Plugin: Transform date field
Purpose
Use this plugin to transform the value of date fields.
When to use this plugin
This plugin can be used to convert dates in your data, allowing you to:
-
transform ambiguous date formats into ISO format so that dates are correctly indexed by Funnelback e.g. US format dates like 2024-02-03 (2 March 2024), where you know what the intended format is.
-
create date values for use with faceted navigation, when the existing date facet groupings are not appropriate.
-
convert non-English dates into ISO format for the indexer.
-
create non-English formatted dates for presentation.
this plugin currently only supports the modification of dates that are within metadata or XML fields within the source document. It does not currently support modification of metadata generated by other filters, or of metadata fields at display time. |
Usage
Enable the plugin
-
Select Plugins from the side navigation pane and click on the Transform date field tile.
-
From the Location section, select the data source to which you would like to enable this plugin from the Select a data source select list.
The plugin will take effect after setup steps and an advanced > full update of the data source has completed. |
Configuration settings
The configuration settings section is where you do most of the configuration for your plugin. The settings enable you to control how the plugin behaves.
The configuration key names below are only used if you are configuring this plugin manually. The configuration keys are set in the data source configuration to configure the plugin. When setting the keys manually you need to type in (or copy and paste) the key name and value. |
Date selector
Configuration key |
|
Data type |
string |
Required |
This setting is required |
Defines an element containing a date that should be transformed. Parameter 1 should be set to a unique ID that will group together the different configuration items that make up a rule.
Date element type
Configuration key |
|
Data type |
string |
Allowed values |
FIELD CONTENT,ATTRIBUTE VALUE |
Required |
This setting is required |
Defines if the date value is sourced from the element content, or as the value of an attribute.
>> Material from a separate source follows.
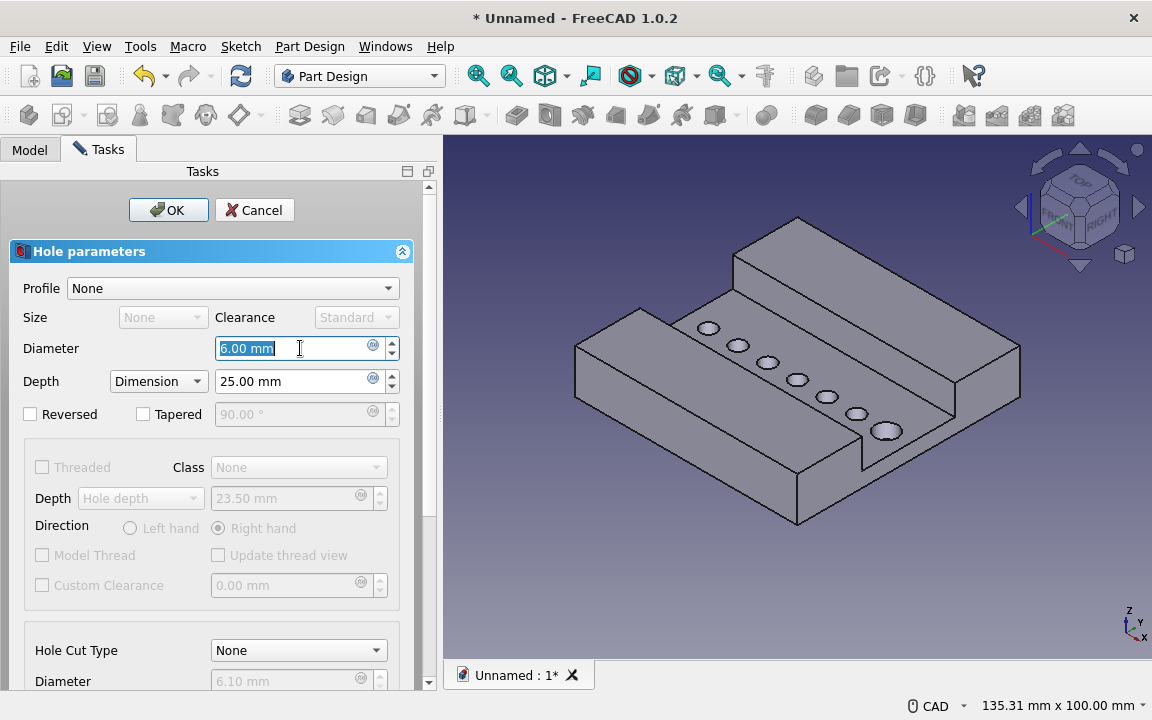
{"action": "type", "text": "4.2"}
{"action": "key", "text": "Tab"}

Parameter 1 should be set to the Parameter 1 value of the matching date selector.
Date element attribute value
Configuration key |
|
Data type |
string |
Default value |
|
Required |
This setting is optional |
Defines the name of the element’s attribute containing the date, if the date element type is set to ATTRIBUTE VALUE. Parameter 1 should be set to the Parameter 1 value of the matching date selector.
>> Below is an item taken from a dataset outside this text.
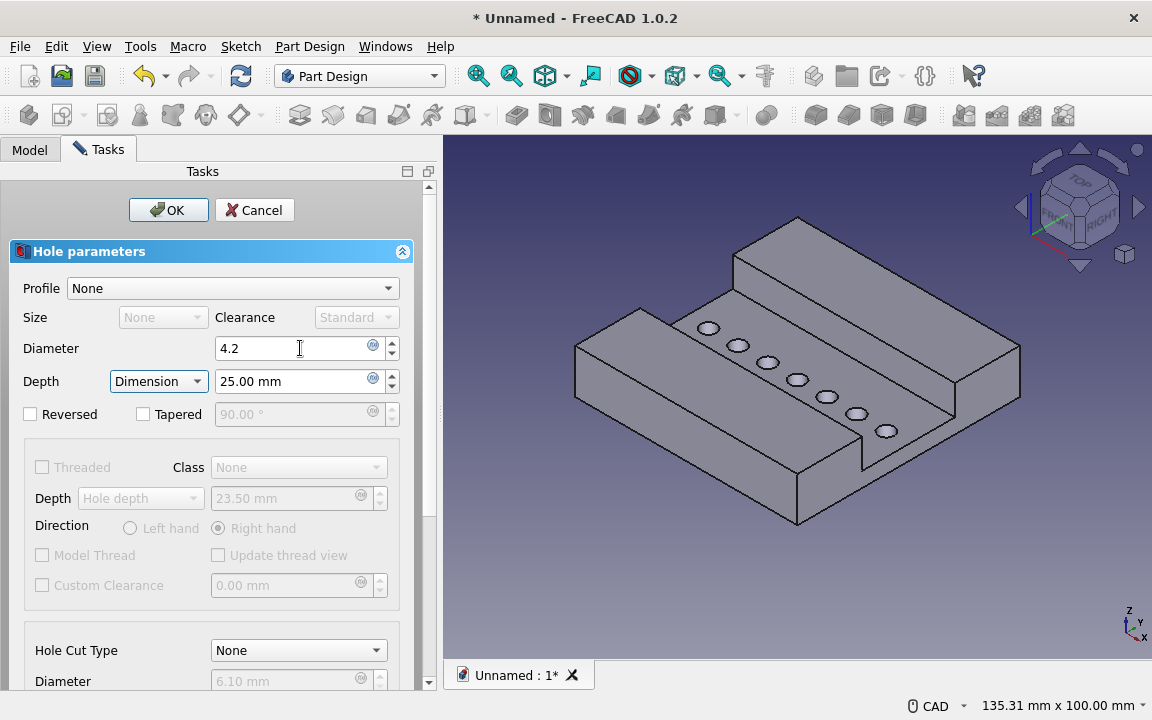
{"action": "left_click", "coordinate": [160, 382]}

Is date element multiple values?
Configuration key |
|
Data type |
boolean |
Default value |
|
Required |
This setting is optional |
Defines if the date element contains multiple date values. Parameter 1 should be set to the Parameter 1 value of the matching date selector.
Date element multiple values separator
Configuration key |
|
Data type |
string |
Default value |
|
Required |
This setting is optional |
Defines separator to extract multiple date values from the element content, if Is date element multiple values? is true. Parameter 1 should be set to the Parameter 1 value of the matching date selector.
Date field input format
Configuration key |
|
Data type |
string |
Required |
This setting is required |
Defines the date format of the input data, specified as a Java SimpleDateFormat string. Parameter 1 should be set to the Parameter 1 value of the matching date selector. see: https://docs.oracle.com/en/java/javase/11/docs/api/java.base/java/text/SimpleDateFormat.html
Date field input language
Configuration key |
|
Data type |
string |
Default value |
|
Required |
This setting is optional |
Defines the language of the input data to enable correct parsing of things like months specified in different languages. Parameter 1 should be set to the Parameter 1 value of the matching date selector. The value should be a valid Java Locale. see: https://docs.oracle.com/en/java/javase/11/docs/api/java.base/java/util/Locale.html
Date field output format
Configuration key |
|
Data type |
string |
Required |
This setting is required |
Defines the date format of the output data, specified as a Java SimpleDateFormat string. Parameter 1 should be set to the Parameter 1 value of the matching date selector. see: https://docs.oracle.com/en/java/javase/11/docs/api/java.base/java/text/SimpleDateFormat.html
Date field output language
Configuration key |
|
Data type |
string |
Default value |
|
Required |
This setting is optional |
Defines the language of the output data to ensure correct formatting of things like months specified in different languages. e.g. Parameter 1 should be set to the Parameter 1 value of the matching date selector. The value should be a valid Java Locale. see: https://docs.oracle.com/en/java/javase/11/docs/api/java.base/java/util/Locale.html
If a specified element cannot be parsed then it will remain unmodified. |
Filter chain configuration
This plugin uses filters which are used to apply transformations to the gathered content.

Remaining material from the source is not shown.